Suzi's Blog

Orange Honey Syrup for Cornbread

A few days ago, I posted a recipe for chipotle cornbread to use in stuffing. Cornbread recipes came, literally, in all flavors. And all cultures have adopted cornbreads. In Greece, they make cornbreads called bobota. The Greeks thankfully  bear us gifts. Cornbread can be dry. You’ve surely had some that seem to be as delicate as hay. Hence, the rage to add all kinds of things to improve cornbread flavor and texture: honey, creamed corn, peppers, onions, bacon, … You see some creamed corn kernels in that picture above.

The Greek solution for making cornbread delicious is to add flavor and liquid. This orange-honey syrup is made and poured into holes that have been poked in a freshly baked bobota. The result is sticky. And sweet. You don’t need butter when you do this, but you are of course free to add it on. And, you don’t need a bobota either. You can employ this syrup with any cornbread.

We’ve used this syrup with the chipotle cornbread to produce a rich amalgam of flavors. This is definitely finger lickin’.

This recipe calls for the juice of one orange, plus enough water to make 1 cup. I prefer not to have any water and simply make it all juice. It’s stickier and sweeter.

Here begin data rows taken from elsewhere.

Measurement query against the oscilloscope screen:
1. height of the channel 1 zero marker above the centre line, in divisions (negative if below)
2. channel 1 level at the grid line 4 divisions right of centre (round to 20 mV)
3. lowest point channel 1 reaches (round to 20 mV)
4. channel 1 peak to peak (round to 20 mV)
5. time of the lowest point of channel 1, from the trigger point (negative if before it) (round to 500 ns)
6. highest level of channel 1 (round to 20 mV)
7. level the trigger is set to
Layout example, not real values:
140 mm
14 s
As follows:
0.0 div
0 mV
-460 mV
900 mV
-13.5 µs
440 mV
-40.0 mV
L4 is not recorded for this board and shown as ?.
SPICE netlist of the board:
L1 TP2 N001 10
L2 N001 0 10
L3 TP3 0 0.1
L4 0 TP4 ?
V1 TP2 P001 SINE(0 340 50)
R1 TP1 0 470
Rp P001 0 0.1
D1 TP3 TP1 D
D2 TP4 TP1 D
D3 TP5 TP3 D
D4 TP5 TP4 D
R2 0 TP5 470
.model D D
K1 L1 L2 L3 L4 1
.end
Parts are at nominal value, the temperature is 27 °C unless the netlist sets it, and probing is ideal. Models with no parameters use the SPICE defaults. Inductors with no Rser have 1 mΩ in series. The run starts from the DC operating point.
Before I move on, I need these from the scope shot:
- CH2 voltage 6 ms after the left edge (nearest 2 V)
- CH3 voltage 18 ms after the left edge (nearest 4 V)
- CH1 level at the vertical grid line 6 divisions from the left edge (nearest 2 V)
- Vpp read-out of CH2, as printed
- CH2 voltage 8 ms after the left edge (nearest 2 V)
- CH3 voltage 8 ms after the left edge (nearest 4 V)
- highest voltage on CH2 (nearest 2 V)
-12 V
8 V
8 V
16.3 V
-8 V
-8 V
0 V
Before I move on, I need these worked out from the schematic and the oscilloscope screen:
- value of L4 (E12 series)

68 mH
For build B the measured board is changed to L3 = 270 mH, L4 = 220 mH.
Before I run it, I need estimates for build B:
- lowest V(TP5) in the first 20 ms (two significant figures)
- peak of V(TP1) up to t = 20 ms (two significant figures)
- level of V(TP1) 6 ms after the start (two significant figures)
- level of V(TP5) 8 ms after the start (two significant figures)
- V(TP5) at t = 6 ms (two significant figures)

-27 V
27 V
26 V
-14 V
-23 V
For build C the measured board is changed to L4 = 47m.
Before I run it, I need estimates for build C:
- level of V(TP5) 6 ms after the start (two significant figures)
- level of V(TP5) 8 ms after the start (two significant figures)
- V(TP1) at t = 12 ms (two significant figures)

This recipe is from the Cornbread Gospels, a book I have fallen in love with. It’s winter here in New York, really winter. Cornbread can put a smile on your face for breakfast, as a side at lunch, and surely at dinner. You’ll see some more wonderful ideas from Cornbread Gospels over the coming cold months.

 

Orange Honey Syrup

Yield: 1 ½ cups

Ingredients:

  • ½ cup honey
  • 3 tablespoons honey
  • Juice from one orange plus water to equal 1 cup
  • Finely grated zest of 1 orange, preferably organic
  • 6 whole cloves

Preparation:

Combine all the ingredients in a medium saucepan. Bring to a boil, turn the heat down to a simmer, and cook until the sugar is dissolved and the mixture is a thin syrup, about 4 minutes. Let the syrup cool to room temperature. Remove the cloves and pour the syrup over the cornbread.